In the run-up to the 1990 Serbian general election, various organisations carried out opinion polling to gauge voting intentions in Serbia. Out of all organisations, the Institute for Political Studies in Belgrade, Institute of Social Sciences and Centre for Political Research, are known that they carried out opinion polling, including one unknown independent firm. The results of such polls are displayed in this list. The date range for these opinion polls is from the beginning of the election campaign on 28 September to the 1990 election, which was held on 9 December 1990.

== Analysis ==
According to a Washington Post report, opinion polls during the 1990 general election campaign were not very reliable, though they did name any polling firms. The Los Angeles Times reported in their election coverage that in opinion polls for the presidential elections, Milošević had a modest lead over Drašković. Academic Vladimir B. Sotirović noted that after the September opinion poll, the electoral support of SPS vastly increased due to its status as the governing party and due to media control. The Washington Post reported that, according to one opinion poll, SPO could have received the largest number of seats in the National Assembly. A parliamentary election exit poll showed that DS enjoyed strong support in Belgrade.
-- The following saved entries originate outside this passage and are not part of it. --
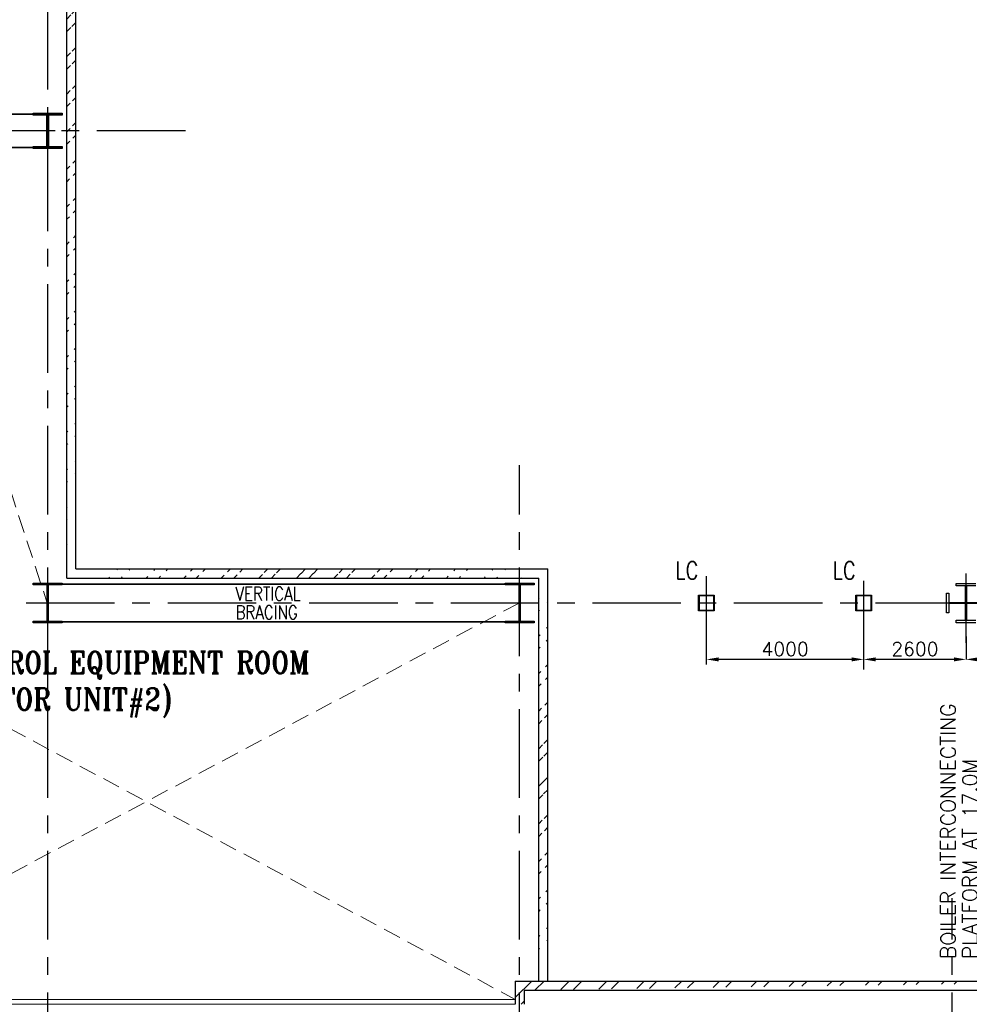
# Model space of a CAD drawing. Header units: inches. Extents: x 0 to 1564127, y -23460 to 23144100.
# Tile 40 of 215: x 180462 to 204609, y 138525 to 163551. Entities that reach past the tile are written whole.
import ezdxf

# ---------------------------------------------------------------- set-up
doc = ezdxf.new("R2010")
doc.units = ezdxf.units.IN
doc.header["$LTSCALE"] = 1800
doc.header["$MEASUREMENT"] = 0
doc.linetypes.add('CENTER', pattern=[2, 1.25, -0.25, 0.25, -0.25])
doc.linetypes.add('HIDDEN', pattern=[0.375, 0.25, -0.125])
doc.layers.get('0').update_dxf_attribs({"color": 253, "lineweight": 9})
for name, color, linetype in [('1_01_STEEL_TIER1', 7, 'Continuous'), ('BRACING', 1, 'HIDDEN'), ('CEN', 2, 'CENTER'), ('COL', 1, 'Continuous'), ('DIM', 4, 'Continuous'), ('GRID', 251, 'CENTER'), ('TEXT', 3, 'Continuous'), ('WALL', 6, 'Continuous')]:
    doc.layers.add(name, color=color, linetype=linetype)
doc.layers.add('STEEL', color=231, linetype='Continuous', lineweight=18)
doc.styles.add('ROMANS', font='romans.shx')
doc.styles.add('ROMANT', font='romant')
doc.styles.add('S3', font='simplex.shx', dxfattribs={"width": 0.75, "height": 320})
doc.dimstyles.new('STANDARD1', dxfattribs={"dimtxt": 300, "dimasz": 250, "dimexe": 0, "dimexo": 0, "dimgap": 80, "dimtad": 1, "dimdec": 0, "dimzin": 0, "dimdsep": 46, "dimtxsty": 'ROMANS', "dimcen": 0, "dimclrd": 4, "dimclre": 4, "dimclrt": 7, "dimadec": 0, "dimazin": 0, "dimtfac": 0.09, "dimtdec": 0, "dimtix": 1, "dimtofl": 0, "dimtmove": 0, "dimatfit": 3, "dimfxl": 1, "dimtolj": 1, "dimtzin": 0, "dimarcsym": 0})
doc.dimstyles.new('USER175', dxfattribs={"dimscale": 175, "dimtxt": 2, "dimasz": 1.75, "dimexe": 0, "dimexo": 0, "dimgap": 0.5, "dimtad": 1, "dimdec": 0, "dimzin": 0, "dimdsep": 46, "dimtxsty": 'ROMANS', "dimcen": 0, "dimclrd": 4, "dimclre": 4, "dimclrt": 4, "dimadec": 0, "dimazin": 0, "dimtfac": 0.09, "dimtdec": 0, "dimtix": 1, "dimtofl": 0, "dimtmove": 0, "dimatfit": 3, "dimfxl": 1, "dimtolj": 1, "dimtzin": 0, "dimarcsym": 0})
pattern_1 = [(45, (0, 1000), (-477.297, 477.297), []), (45, (318.2, 1000), (-477.297, 477.297), [])]

# ---------------------------------------------------------------- blocks, each defined once
blk = doc.blocks.new('D-ROW COLUMN')
at = {"layer": 'COL'}
h = blk.add_hatch(dxfattribs=at)
h.set_pattern_fill('ANSI31', color=256, scale=200, angle=180, style=0)
h.set_pattern_definition([(225, (-560004.63, -115195.517), (17.6776695, -17.6776695), [])])
h.paths.add_polyline_path([(370, 500), (0, 500), (0, 460), (14, 460), (370, 460)])
h.paths.add_polyline_path([(0, 500), (-370, 500), (-370, 460), (0, 460)])
h.paths.add_polyline_path([(14, 460), (0, 460), (0, 0), (14, 0)])
h.paths.add_polyline_path([(0, 460), (-14, 460), (-14, 0), (0, 0)])
h.paths.add_polyline_path([(14, 0), (0, 0), (0, -460), (14, -460)])
h.paths.add_polyline_path([(0, 0), (-14, 0), (-14, -460), (0, -460)])
h.paths.add_polyline_path([(370, -460), (0, -460), (0, -500), (370, -500)])
h.paths.add_polyline_path([(0, -460), (-14, -460), (-370, -460), (-370, -500), (0, -500)])
at = {"layer": 'CEN'}
for p, q in [((0, 500), (0, -500)), ((192, 0), (-192, 0))]:
    blk.add_line(p, q, dxfattribs=at)
at = {"layer": 'COL'}
for points in [[(-370, 500), (370, 500), (370, 460), (-370, 460)], [(-14, 460), (14, 460), (14, -460), (-14, -460)], [(-370, -460), (370, -460), (370, -500), (-370, -500)]]:
    blk.add_lwpolyline(points, close=True, dxfattribs=at)
blk = doc.blocks.new('*D60')
at = {"layer": 'Defpoints', "color": 0, "transparency": 16777216}
for p in [(-1100, 7079), (-1100, 6979), (400, 6979)]:
    blk.add_point(p, dxfattribs=at)
at = {"layer": 'DIM', "color": 4, "lineweight": -2, "transparency": 16777216}
for p, q in [((-1100, 6979), (-1100, 7079)), ((150, 7079), (-850, 7079)), ((400, 6979), (400, 7079))]:
    blk.add_line(p, q, dxfattribs=at)
at = {"layer": 'DIM', "color": 4, "transparency": 16777216}
for points in [[(-850, 7121), (-850, 7037), (-1100, 7079)], [(150, 7121), (150, 7037), (400, 7079)]]:
    blk.add_solid(points, dxfattribs=at)
at = {"layer": 'DIM', "color": 4, "transparency": 16777216, "insert": (-350, 7309), "char_height": 300, "attachment_point": 5, "style": 'ROMANS'}
blk.add_mtext('\\A1;1500', dxfattribs=at)
blk = doc.blocks.new('*D61')
at = {"layer": 'Defpoints', "color": 0, "transparency": 16777216}
for p in [(4400, 2014), (400, 1828), (4400, 1730)]:
    blk.add_point(p, dxfattribs=at)
at = {"layer": 'DIM', "color": 4, "lineweight": -2, "transparency": 16777216}
for p, q in [((400, 1828), (400, 2014)), ((650, 2014), (4150, 2014)), ((4400, 1730), (4400, 2014))]:
    blk.add_line(p, q, dxfattribs=at)
at = {"layer": 'DIM', "color": 4, "transparency": 16777216}
for points in [[(650, 2056), (650, 1973), (400, 2014)], [(4150, 2056), (4150, 1973), (4400, 2014)]]:
    blk.add_solid(points, dxfattribs=at)
at = {"layer": 'DIM', "color": 4, "transparency": 16777216, "insert": (2400, 2244), "char_height": 300, "attachment_point": 5, "style": 'ROMANS'}
blk.add_mtext('\\A1;4000', dxfattribs=at)
blk = doc.blocks.new('*D59')
at = {"layer": 'Defpoints', "color": 0, "transparency": 16777216}
for p in [(9050, 2014), (4400, 1330), (9050, 1365)]:
    blk.add_point(p, dxfattribs=at)
at = {"layer": 'DIM', "color": 4, "lineweight": -2, "transparency": 16777216}
for p, q in [((4400, 1330), (4400, 2014)), ((4650, 2014), (8800, 2014)), ((9050, 1365), (9050, 2014))]:
    blk.add_line(p, q, dxfattribs=at)
at = {"layer": 'DIM', "color": 4, "transparency": 16777216}
for points in [[(4650, 2056), (4650, 1973), (4400, 2014)], [(8800, 2056), (8800, 1973), (9050, 2014)]]:
    blk.add_solid(points, dxfattribs=at)
at = {"layer": 'DIM', "color": 4, "transparency": 16777216, "insert": (6725, 2244), "char_height": 300, "attachment_point": 5, "style": 'ROMANS'}
blk.add_mtext('\\A1;4650', dxfattribs=at)
blk = doc.blocks.new('*D543')
at = {"layer": 'Defpoints', "color": 0, "transparency": 16777216}
for p in [(201926, 147292, -33025), (201926, 147292), (204526, 147292, -33025)]:
    blk.add_point(p, dxfattribs=at)
at = {"layer": 'DIM', "color": 4, "lineweight": -2, "transparency": 16777216}
blk.add_line((204220, 147292), (202232, 147292), dxfattribs=at)
at = {"layer": 'DIM', "color": 4, "transparency": 16777216}
for points in [[(202232, 147343), (202232, 147241), (201926, 147292)], [(204220, 147343), (204220, 147241), (204526, 147292)]]:
    blk.add_solid(points, dxfattribs=at)
at = {"layer": 'DIM', "color": 4, "transparency": 16777216, "insert": (203226, 147555), "char_height": 350, "attachment_point": 5, "style": 'ROMANS'}
blk.add_mtext('\\A1;2600', dxfattribs=at)
blk = doc.blocks.new('*D544')
at = {"layer": 'Defpoints', "color": 0, "transparency": 16777216}
for p in [(197926, 147292, -33025), (197926, 147292), (201926, 147292)]:
    blk.add_point(p, dxfattribs=at)
at = {"layer": 'DIM', "color": 4, "lineweight": -2, "transparency": 16777216}
blk.add_line((201620, 147292), (198232, 147292), dxfattribs=at)
at = {"layer": 'DIM', "color": 4, "transparency": 16777216}
for points in [[(198232, 147343), (198232, 147241), (197926, 147292)], [(201620, 147343), (201620, 147241), (201926, 147292)]]:
    blk.add_solid(points, dxfattribs=at)
at = {"layer": 'DIM', "color": 4, "transparency": 16777216, "insert": (199926, 147555), "char_height": 350, "attachment_point": 5, "style": 'ROMANS'}
blk.add_mtext('\\A1;4000', dxfattribs=at)
blk = doc.blocks.new('*D547')
at = {"layer": 'Defpoints', "color": 0, "transparency": 16777216}
for p in [(216526, 148811), (204526, 147870), (216526, 147292)]:
    blk.add_point(p, dxfattribs=at)
at = {"layer": 'DIM', "color": 4, "lineweight": -2, "transparency": 16777216}
for p, q in [((216526, 148811), (216526, 147292)), ((204526, 147870), (204526, 147292)), ((204832, 147292), (216220, 147292))]:
    blk.add_line(p, q, dxfattribs=at)
at = {"layer": 'DIM', "color": 4, "transparency": 16777216}
for points in [[(204832, 147343), (204832, 147241), (204526, 147292)], [(216220, 147343), (216220, 147241), (216526, 147292)]]:
    blk.add_solid(points, dxfattribs=at)
at = {"layer": 'DIM', "color": 4, "transparency": 16777216, "insert": (210526, 147555), "char_height": 350, "attachment_point": 5, "style": 'ROMANS'}
blk.add_mtext('\\A1;12000', dxfattribs=at)
blk = doc.blocks.new('F-ROW COLUMN')
at = {"layer": 'COL'}
h = blk.add_hatch(dxfattribs=at)
h.set_pattern_fill('ANSI31', color=256, scale=200, angle=180, style=0)
h.set_pattern_definition([(225, (-557328.912, -127499.994), (17.6776695, -17.6776695), [])])
h.paths.add_polyline_path([(370, 450), (0, 450), (0, 400), (22.5, 400), (370, 400)])
h.paths.add_polyline_path([(0, 450), (-370, 450), (-370, 400), (0, 400)])
h.paths.add_polyline_path([(0, 400), (-22.5, 400), (-22.5, 0), (0, 0)])
h.paths.add_polyline_path([(22.5, 400), (0, 400), (0, 0), (22.5, 0)])
h.paths.add_polyline_path([(0, 0), (-22.5, 0), (-22.5, -400), (0, -400)])
h.paths.add_polyline_path([(22.5, 0), (0, 0), (0, -400), (22.5, -400)])
h.paths.add_polyline_path([(0, -400), (-22.5, -400), (-370, -400), (-370, -450), (0, -450)])
h.paths.add_polyline_path([(370, -400), (0, -400), (0, -450), (370, -450)])
at = {"layer": 'CEN'}
for p, q in [((0, -450), (0, 450)), ((191.6, 0), (-191.6, 0))]:
    blk.add_line(p, q, dxfattribs=at)
at = {"layer": 'COL'}
for points in [[(-370, 450), (370, 450), (370, 400), (-370, 400)], [(-22.5, 400), (22.5, 400), (22.5, -400), (-22.5, -400)], [(-370, -400), (370, -400), (370, -450), (-370, -450)]]:
    blk.add_lwpolyline(points, close=True, dxfattribs=at)
blk = doc.blocks.new('BOILER INTERCONNECTING PLATFORM')
at = {"layer": 'STEEL'}
h = blk.add_hatch(dxfattribs=at)
h.set_pattern_fill('ANSI37', color=256, scale=1000, style=0)
h.set_pattern_definition([(45, (-56593.15, -116391.05), (-88.38835, 88.38835), []), (135, (-56593.15, -116391.05), (-88.38835, -88.38835), [])])
h.paths.add_polyline_path([(-767.8, 3921.9), (67.8, 3921.9), (67.8, 2538.1), (-767.8, 2538.1)])
for p, q in [((-1100, 230), (-1100, 9840)), ((-1000, 230), (-1000, 9840)), ((300, 1630), (300, 9840)), ((400, 1730), (400, 9840)), ((4300, 1630), (300, 1630)), ((4400, 1730), (400, 1730)), ((4300, 0), (4300, 1630)), ((4400, 0), (4400, 1730)), ((3340, 117.5), (3340, 1002.5)), ((3340, 1002.5), (3750, 555.6)), ((4160, 1002.5), (3750, 555.6)), ((4160, 117.5), (4160, 1002.5)), ((3340, 2.5), (3340, 655.2)), ((3340, 655.2), (3955, 2.5)), ((4160, 655.2), (3545, 2.5)), ((4160, 2.5), (4160, 655.2))]:
    blk.add_line(p, q, dxfattribs=at)
for centre in [(-1049.8, 9514.3), (350.2, 9514.3), (350.2, 9514.3), (-1049.8, 9014.3), (350.2, 9014.3), (-1050, 8514.3), (350, 8514.3), (-1050, 8014.3), (350, 8014.3), (-1050, 7514.3), (350, 7514.3), (-1050, 7014.3), (350, 7014.3), (-1050, 6514.3), (350, 6514.3), (-1050, 6014.3), (350, 6014.3), (-1050, 5514.3), (350, 5514.3), (-1050, 5014.3), (350, 5014.3), (-1050, 4514.3), (350, 4514.3), (-1050, 4014.3), (350, 4014.3), (-1050, 3514.3), (350, 3514.3), (-1050, 3014.3), (350, 3014.3), (-1050, 2514.3), (350, 2514.3), (350, 2514.3), (-1050, 2014.3), (350, 2014.3), (-1050, 1514.3), (585.7, 1680), (916.1, 1680), (1285.7, 1680), (1785.7, 1680), (2285.7, 1680), (2785.7, 1680), (3285.7, 1680), (3785.7, 1680), (-1050, 1014.3), (4350, 1014.3), (-1050, 514.3), (4350, 514.3)]:
    blk.add_circle(centre, 50, dxfattribs=at)
at = {"layer": 'TEXT', "color": 3, "char_height": 375, "attachment_point": 4, "rotation": 90, "style": 'ROMANS'}
for s, insert in [('BOILER INTERCONNECTING', (-2057.4, 793)), ('PLATFORM AT 17.0M', (-1499.6, 793))]:
    blk.add_mtext(s, dxfattribs=dict(at, insert=insert))
at = {"layer": 'DIM'}
for base, p1, p2, picture, middle in [((-1100, 7079.1), (400, 6979.1), (-1100, 6979.1), '*D60', (-350, 7309.1)), ((4400, 2014.3), (400, 1828.4), (4400, 1730), '*D61', (2400, 2244.3)), ((9050, 2014.3), (4400, 1330), (9050, 1365), '*D59', (6725, 2244.3))]:
    dim = blk.add_linear_dim(base=base, p1=p1, p2=p2, dimstyle='STANDARD1', dxfattribs=at)
    dim.commit()
    dim.dimension.update_dxf_attribs({"geometry": picture, "text_midpoint": middle})

msp = doc.modelspace()

# ---------------------------------------------------------------- hatches: boundary and pattern name
h = msp.add_hatch()
h.set_pattern_fill('ANSI32', color=256, scale=1800, style=0)
h.set_pattern_definition(pattern_1)
edge = h.paths.add_edge_path()
edge.add_line((181660.76, 149360.31), (181660.76, 181360.31))
edge.add_line((181890.76, 149590.31), (181890.76, 181590.31))
h = msp.add_hatch()
h.set_pattern_fill('ANSI32', color=256, scale=1800, style=0)
h.set_pattern_definition(pattern_1)
edge = h.paths.add_edge_path()
edge.add_line((181890.76, 149590.31), (193890.76, 149590.31))
edge.add_line((181660.76, 149360.31), (193660.76, 149360.31))
h = msp.add_hatch()
h.set_pattern_fill('ANSI32', color=256, scale=1800, style=0)
h.set_pattern_definition(pattern_1)
edge = h.paths.add_edge_path()
edge.add_line((193660.76, 139115.31), (193660.76, 149360.31))
edge.add_line((193890.76, 139115.31), (193890.76, 149590.31))
h = msp.add_hatch()
h.set_pattern_fill('ANSI32', color=256, scale=1800, style=0)
h.set_pattern_definition(pattern_1)
edge = h.paths.add_edge_path()
edge.add_line((193060.76, 139115.31), (209465.76, 139115.31))
edge.add_line((193290.76, 138885.31), (209465.76, 138885.31))
edge.add_line((193290.76, 138885.31), (193290.76, 138525.31))
edge.add_line((193060.76, 139115.31), (193060.76, 138525.31))

# ---------------------------------------------------------------- linework, layer by layer
at = {"color": 2, "linetype": 'HIDDEN'}
for p, q in [((176449.18, 163137.56), (181161.76, 148725.31)), ((193161.76, 148725.31), (174239.57, 138650.31)), ((174260.62, 148725.31), (193060.76, 138650.31))]:
    msp.add_line(p, q, dxfattribs=at)
for p, q in [((193060.76, 138650.31), (179682.71, 138650.31)), ((193060.76, 138525.31), (179682.71, 138525.31))]:
    msp.add_line(p, q)
at = {"layer": '1_01_STEEL_TIER1', "color": 1}
for p, q in [((197725.75, 148925.31), (198125.75, 148925.31)), ((197725.75, 148525.31), (197725.75, 148925.31)), ((198109.75, 148909.31), (197741.75, 148909.31)), ((197741.75, 148909.31), (197741.75, 148541.31)), ((198109.75, 148541.31), (198109.75, 148909.31)), ((198125.75, 148925.31), (198125.75, 148525.31)), ((201725.75, 148925.31), (202125.75, 148925.31)), ((201725.75, 148525.31), (201725.75, 148925.31)), ((202109.75, 148909.31), (201741.75, 148909.31)), ((201741.75, 148909.31), (201741.75, 148541.31)), ((202109.75, 148541.31), (202109.75, 148909.31)), ((202125.75, 148925.31), (202125.75, 148525.31)), ((198125.75, 148525.31), (197725.75, 148525.31)), ((197741.75, 148541.31), (198109.75, 148541.31)), ((202125.75, 148525.31), (201725.75, 148525.31)), ((201741.75, 148541.31), (202109.75, 148541.31))]:
    msp.add_line(p, q, dxfattribs=at)
for points in [[(204025.76, 148474.94), (204025.76, 148974.94), (204088.76, 148974.94), (204088.76, 148740.94), (204509.76, 148740.94), (204509.76, 149161.94), (204275.76, 149161.94), (204275.76, 149224.94), (204775.76, 149224.94)], [(204775.76, 149161.94), (204541.76, 149161.94), (204541.76, 148740.94), (204962.76, 148740.94)], [(204775.76, 148224.94), (204275.76, 148224.94), (204275.76, 148287.94), (204509.76, 148287.94), (204509.76, 148708.94), (204088.76, 148708.94), (204088.76, 148474.94), (204025.76, 148474.94)], [(204962.76, 148708.94), (204541.76, 148708.94), (204541.76, 148287.94), (204775.76, 148287.94)]]:
    msp.add_lwpolyline(points, dxfattribs=at)
at = {"layer": 'BRACING', "const_width": 40}
for points in [[(171045.76, 161150.31), (180805.76, 161150.31)], [(176748.03, 160300.31), (180805.76, 160300.31)], [(181545.76, 149205.31), (192805.76, 149205.31)], [(181545.76, 148245.31), (192805.76, 148245.31)]]:
    msp.add_lwpolyline(points, dxfattribs=at)
at = {"layer": 'CEN'}
for p, q in [((197925.76, 147158.4), (197925.76, 149475.31)), ((201925.76, 147035.57), (201925.76, 149475.31)), ((204525.76, 147711.13), (204525.76, 149475.31))]:
    msp.add_line(p, q, dxfattribs=at)
at = {"layer": 'GRID'}
for p, q in [((181175.76, 82575.72), (181175.76, 183222.97)), ((184675.76, 160725.31), (144375.76, 160725.31)), ((193175.76, 82575.72), (193175.76, 152225.31)), ((276475.76, 148725.31), (141375.76, 148725.31)), ((204175.76, 82575.72), (204175.76, 141225.31))]:
    msp.add_line(p, q, dxfattribs=at)
at = {"layer": 'WALL'}
for p, q in [((181890.76, 149590.31), (181890.76, 181590.31)), ((181660.76, 149360.31), (181660.76, 181360.31)), ((181890.76, 149590.31), (193890.76, 149590.31)), ((193890.76, 139115.31), (193890.76, 149590.31)), ((181660.76, 149360.31), (193660.76, 149360.31)), ((193660.76, 139115.31), (193660.76, 149360.31)), ((193060.76, 139115.31), (209465.76, 139115.31)), ((193060.76, 139115.31), (193060.76, 138525.31)), ((193290.76, 138885.31), (209465.76, 138885.31)), ((193290.76, 138885.31), (193290.76, 138525.31))]:
    msp.add_line(p, q, dxfattribs=at)

# ---------------------------------------------------------------- block references
for name, p in [('F-ROW COLUMN', (181175.76, 160725.31)), ('D-ROW COLUMN', (181175.76, 148725.31)), ('D-ROW COLUMN', (193175.76, 148725.31)), ('BOILER INTERCONNECTING PLATFORM', (206125.76, 138885.31))]:
    msp.add_blockref(name, p)

# ---------------------------------------------------------------- texts
at = {"layer": 'TEXT', "style": 'S3', "width": 0.8}
for p in [(197132.96, 149330.15), (201132.96, 149330.15)]:
    msp.add_text('LC', height=450, dxfattribs=at).set_placement(p)
at = {"layer": 'TEXT', "insert": (185950.28, 149135.31), "char_height": 350, "width": 1838.5567, "attachment_point": 1, "line_spacing_factor": 0.805714, "style": 'ROMANS'}
msp.add_mtext('{\\W0.8;VERTICAL BRACING}', dxfattribs=at)
at = {"layer": 'TEXT', "insert": (178356.07, 147495.47), "char_height": 560, "attachment_point": 1, "style": 'ROMANT'}
msp.add_mtext_dynamic_manual_height_columns('{\\W0.85;CONTROL EQUIPMENT ROOM\\P    (FOR UNIT#2)}', width=14466.7845, gutter_width=1, heights=[0], dxfattribs=at)

# ---------------------------------------------------------------- dimensions: what is measured, and where the dimension line sits
at = {"layer": 'DIM'}
dim = msp.add_linear_dim(base=(216525.76, 147292.24), p1=(204525.76, 147869.69), p2=(216525.76, 148810.86), dimstyle='USER175', dxfattribs=at)
dim.commit()
dim.dimension.update_dxf_attribs({"geometry": '*D547', "text_midpoint": (210525.76, 147554.74)})
for base, p1, p2, picture, middle in [((197925.75, 147292.24), (201925.75, 147292.24), (197925.75, 147292.24, -33025), '*D544', (199925.75, 147554.74)), ((201925.75, 147292.24), (204525.76, 147292.24, -33025), (201925.75, 147292.24, -33025), '*D543', (203225.75, 147554.74))]:
    dim = msp.add_linear_dim(base=base, p1=p1, p2=p2, angle=180, dimstyle='USER175', dxfattribs=at)
    dim.commit()
    dim.dimension.update_dxf_attribs({"geometry": picture, "text_midpoint": middle})

doc.saveas('drawing.dxf')

The Institute of Social Sciences and Centre for Political Research opinion polls in October and November saw two thirds of all respondents say that they would take part in the 1990 general elections. According to their analysis, the average respondent who said that they would take part in the elections was either a follower or a member of a political party, a pensioner, an ethnic Serb, a public sector worker, or a high school educated male. Those who were undecided were identified as the youth, technical workers, unemployed, Yugoslavs, non-Serbs, and independent voters. While those who rejected taking part in the elections were identified as students, Yugoslavs, and housewives.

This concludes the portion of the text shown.